From top to bottom: SUNNY, TIME, VIS

Therefore, the critical issue DeFi needs to address is "what happens when the rewards run out?"

Protocols need to shift from incentivizing liquidity to fostering protocol fee growth, where token holders primarily generate revenue through protocol fees rather than token rewards.

Look for projects that:

  • Have token rewards directly proportional to protocol fees
  • Have real users and trading volume leading to protocol revenue growth
  • Have a strong token appreciation mechanism
  • Have practical applications

This way, you won't hold onto farm tokens that continuously print money. Investing in liquidity mining tokens is good, provided you benefit continuously from the liquidity mining rewards released by the protocol, offsetting token declines.

Many naive investors buy DEX and similar tokens but fail to use these tokens for their intended purpose of generating income.

Since APY figures are often used to incentivize user liquidity injection, the most important lesson is "never chase high APY."

Don't buy tokens solely based on high APY. The main reason for investing in tokens is belief, and then you engage in liquidity mining. This mindset shift can alleviate many concerns.

5. Whale Behavior Contrary to the Market

Just like Warren Buffet's famous quote: "Be fearful when others are greedy and greedy when others are fearful."

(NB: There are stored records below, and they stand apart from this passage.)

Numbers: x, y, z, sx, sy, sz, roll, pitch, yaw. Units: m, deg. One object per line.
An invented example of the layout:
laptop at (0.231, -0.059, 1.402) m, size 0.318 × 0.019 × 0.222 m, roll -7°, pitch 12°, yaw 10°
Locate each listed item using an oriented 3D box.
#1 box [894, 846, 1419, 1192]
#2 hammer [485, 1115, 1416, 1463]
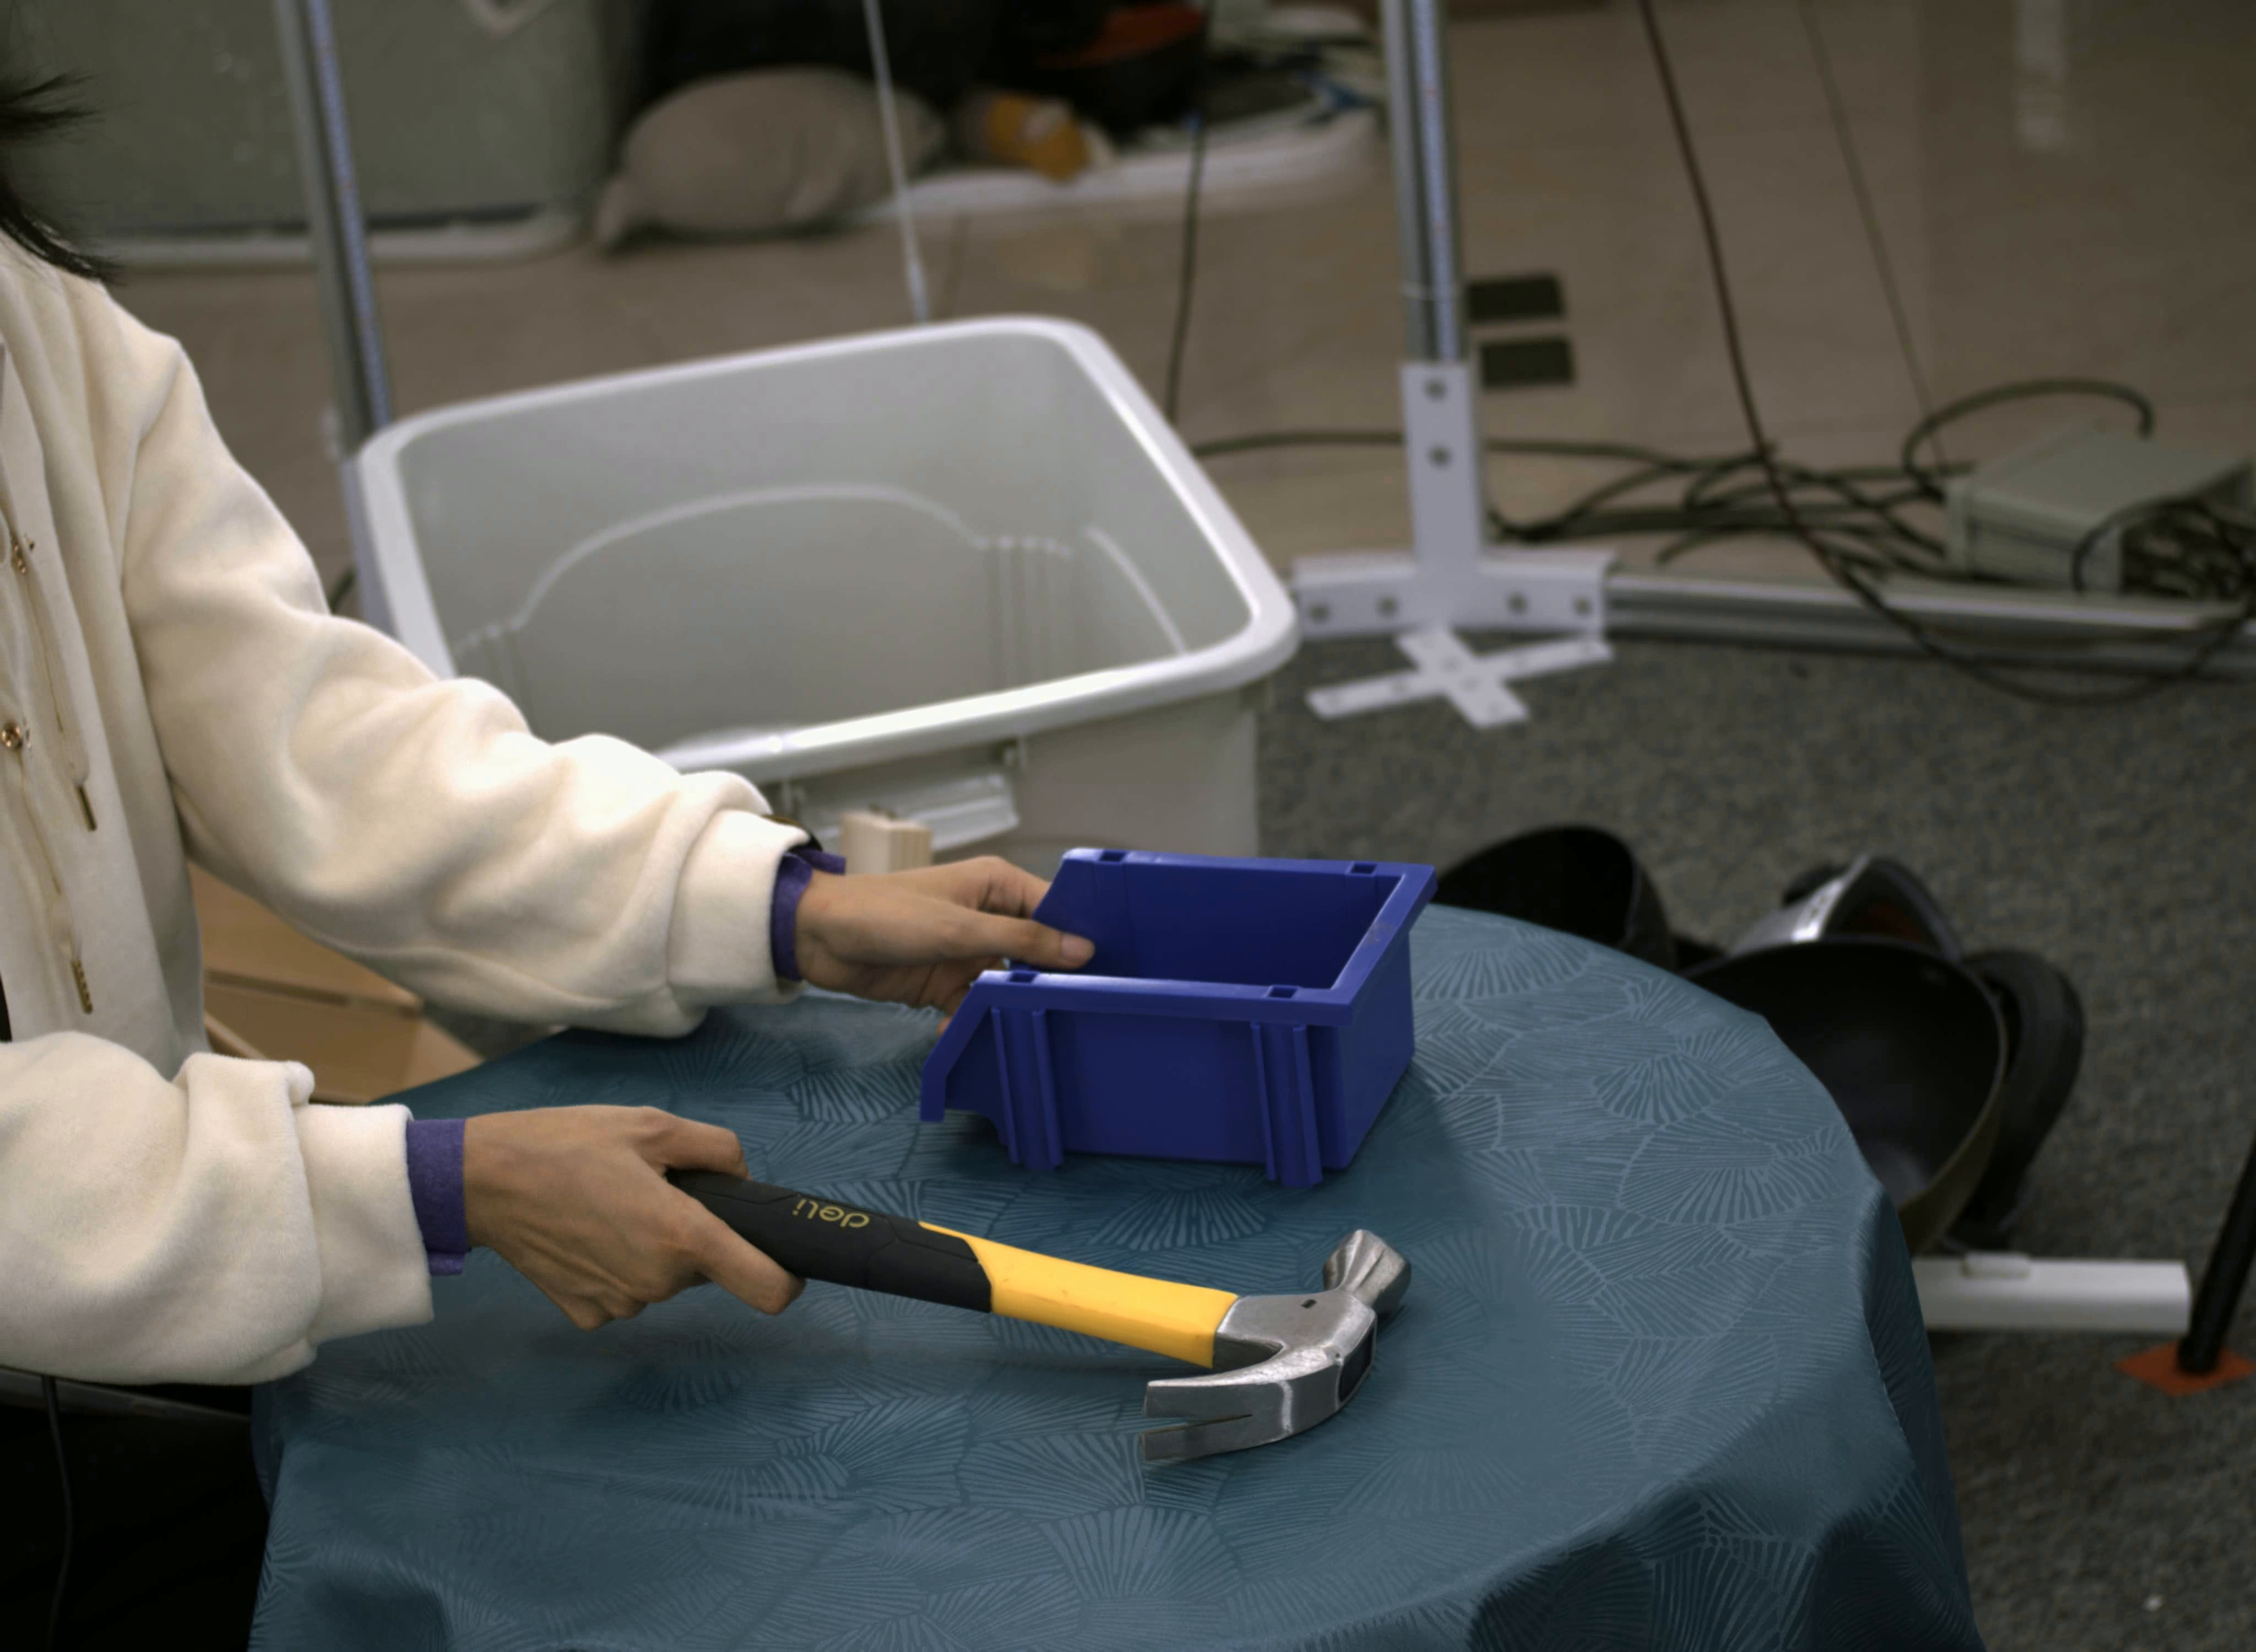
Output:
box at (0.011, 0.073, 2.191) m, size 0.179 × 0.083 × 0.123 m, roll 5°, pitch 28°, yaw 19°
hammer at (-0.075, 0.154, 2.039) m, size 0.337 × 0.033 × 0.129 m, roll 13°, pitch 32°, yaw 17°

Looking at both traditional and crypto markets, those who buy in extreme market fear tend to gain the upper hand over time. Whales hoard coins at market lows and take profits at highs. Their actions are:

  • Profit-taking in May 2021
  • Hoarding in September
  • Profit-taking in November
  • Currently hoarding

We can clearly illustrate this viewpoint through a chart of whale holdings:

What does this chart represent? Whale holdings are inversely proportional to price. Their actions are entirely opposite to those of retail participants. In simple terms:

  • Take profits during sharp rises - Greed
  • Buy during sharp falls - Fear
  • Repeat

Hopefully, these 5 tips can help you navigate the crypto market. Cryptocurrency trading is a tricky game, but if executed successfully, it can bring life-changing wealth.

If you want to be rich like a whale, it's time to act like one.